═════ Information supplied ═════

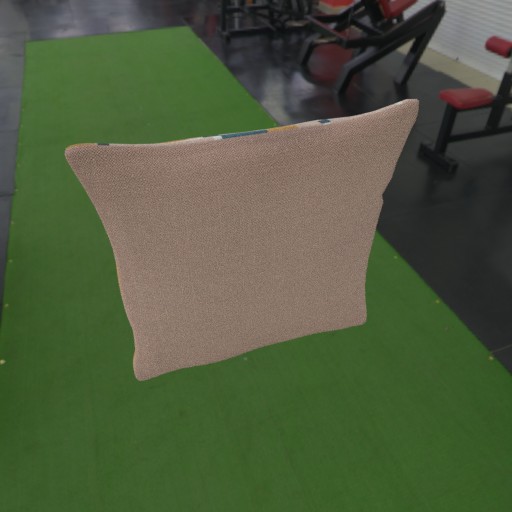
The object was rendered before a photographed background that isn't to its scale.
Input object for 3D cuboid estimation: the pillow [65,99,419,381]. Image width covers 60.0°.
[{"bbox_3d":[0.000,0.000,0.733,0.478,0.479,0.158,-12,42,-13],"label":"pillow"}]
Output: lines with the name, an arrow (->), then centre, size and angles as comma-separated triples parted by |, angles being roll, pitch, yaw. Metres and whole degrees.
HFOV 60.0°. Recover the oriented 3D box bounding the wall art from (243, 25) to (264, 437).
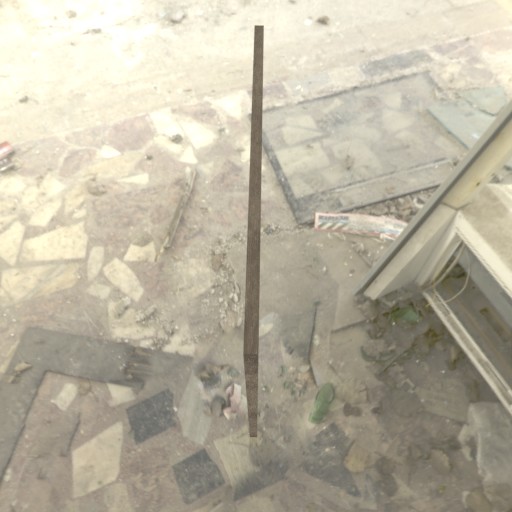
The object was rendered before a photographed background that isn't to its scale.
wall art -> 0.000, 0.000, 0.683 | 0.013, 0.457, 0.457 | 1, 60, 1
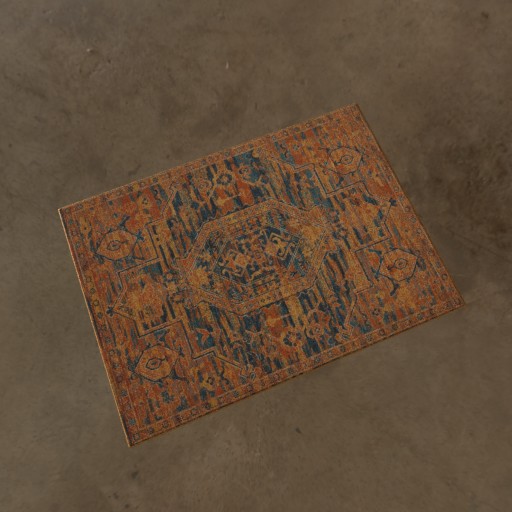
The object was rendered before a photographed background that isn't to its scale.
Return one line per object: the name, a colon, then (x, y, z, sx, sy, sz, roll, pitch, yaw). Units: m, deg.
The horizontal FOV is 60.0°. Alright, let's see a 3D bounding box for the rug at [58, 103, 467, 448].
rug: (0.000, 0.000, 2.859, 2.204, 0.024, 1.588, -21, 75, -6)
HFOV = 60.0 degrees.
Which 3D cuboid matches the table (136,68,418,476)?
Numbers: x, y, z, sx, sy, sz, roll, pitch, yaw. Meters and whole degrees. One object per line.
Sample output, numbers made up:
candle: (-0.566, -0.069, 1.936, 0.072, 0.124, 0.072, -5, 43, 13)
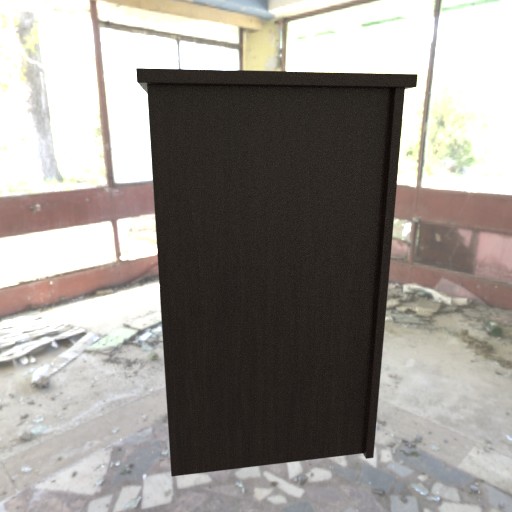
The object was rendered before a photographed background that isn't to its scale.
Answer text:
table: (0.000, 0.000, 0.892, 0.381, 0.635, 0.480, -3, 16, -9)
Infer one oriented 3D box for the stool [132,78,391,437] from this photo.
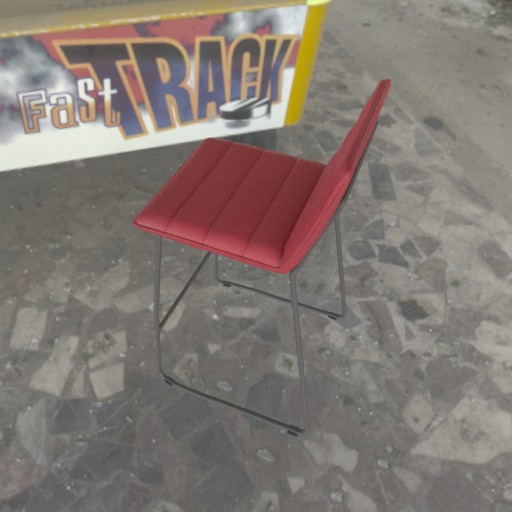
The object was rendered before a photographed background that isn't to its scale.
[{"bbox_3d":[0.000,0.000,1.226,0.524,0.937,0.489,16,48,15],"label":"stool"}]
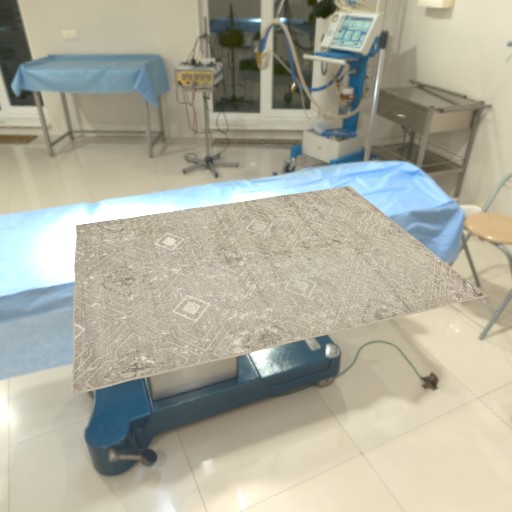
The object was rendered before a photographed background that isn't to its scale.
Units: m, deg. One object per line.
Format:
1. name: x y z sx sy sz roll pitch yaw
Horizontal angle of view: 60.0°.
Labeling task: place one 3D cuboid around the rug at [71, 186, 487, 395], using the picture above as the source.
1. rug: 0.000 0.000 4.310 3.359 0.020 2.448 -10 34 -15
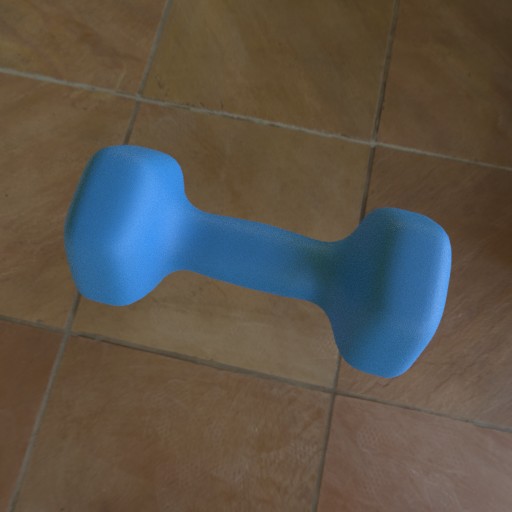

═════

* [What to work on]: Print the records again exactly, pictures excluded.

* [Output below]:
The object was rendered before a photographed background that isn't to its scale.
Input object for 3D cuboid estimation: the pillow [65,99,419,381]. Image width covers 60.0°.
[{"bbox_3d":[0.000,0.000,0.733,0.478,0.479,0.158,-12,42,-13],"label":"pillow"}]
Output: lines with the name, an arrow (->), then centre, size and angles as comma-separated triples parted by |, angles being roll, pitch, yaw. Metres and whole degrees.
HFOV 60.0°. Recover the oriented 3D box bounding the wall art from (243, 25) to (264, 437).
The object was rendered before a photographed background that isn't to its scale.
wall art -> 0.000, 0.000, 0.683 | 0.013, 0.457, 0.457 | 1, 60, 1
The object was rendered before a photographed background that isn't to its scale.
Return one line per object: the name, a colon, then (x, y, z, sx, sy, sz, roll, pitch, yaw). Units: m, deg.
The horizontal FOV is 60.0°. Alright, let's see a 3D bounding box for the rug at [58, 103, 467, 448].
rug: (0.000, 0.000, 2.859, 2.204, 0.024, 1.588, -21, 75, -6)
HFOV = 60.0 degrees.
Which 3D cuboid matches the table (136,68,418,476)?
Numbers: x, y, z, sx, sy, sz, roll, pitch, yaw. Meters and whole degrees. One object per line.
Sample output, numbers made up:
candle: (-0.566, -0.069, 1.936, 0.072, 0.124, 0.072, -5, 43, 13)
The object was rendered before a photographed background that isn't to its scale.
Answer text:
table: (0.000, 0.000, 0.892, 0.381, 0.635, 0.480, -3, 16, -9)
Infer one oriented 3D box for the stool [132,78,391,437] from this photo.
The object was rendered before a photographed background that isn't to its scale.
[{"bbox_3d":[0.000,0.000,1.226,0.524,0.937,0.489,16,48,15],"label":"stool"}]
The object was rendered before a photographed background that isn't to its scale.
Units: m, deg. One object per line.
Format:
1. name: x y z sx sy sz roll pitch yaw
Horizontal angle of view: 60.0°.
Labeling task: place one 3D cuboid around the rug at [71, 186, 487, 395], using the picture above as the source.
1. rug: 0.000 0.000 4.310 3.359 0.020 2.448 -10 34 -15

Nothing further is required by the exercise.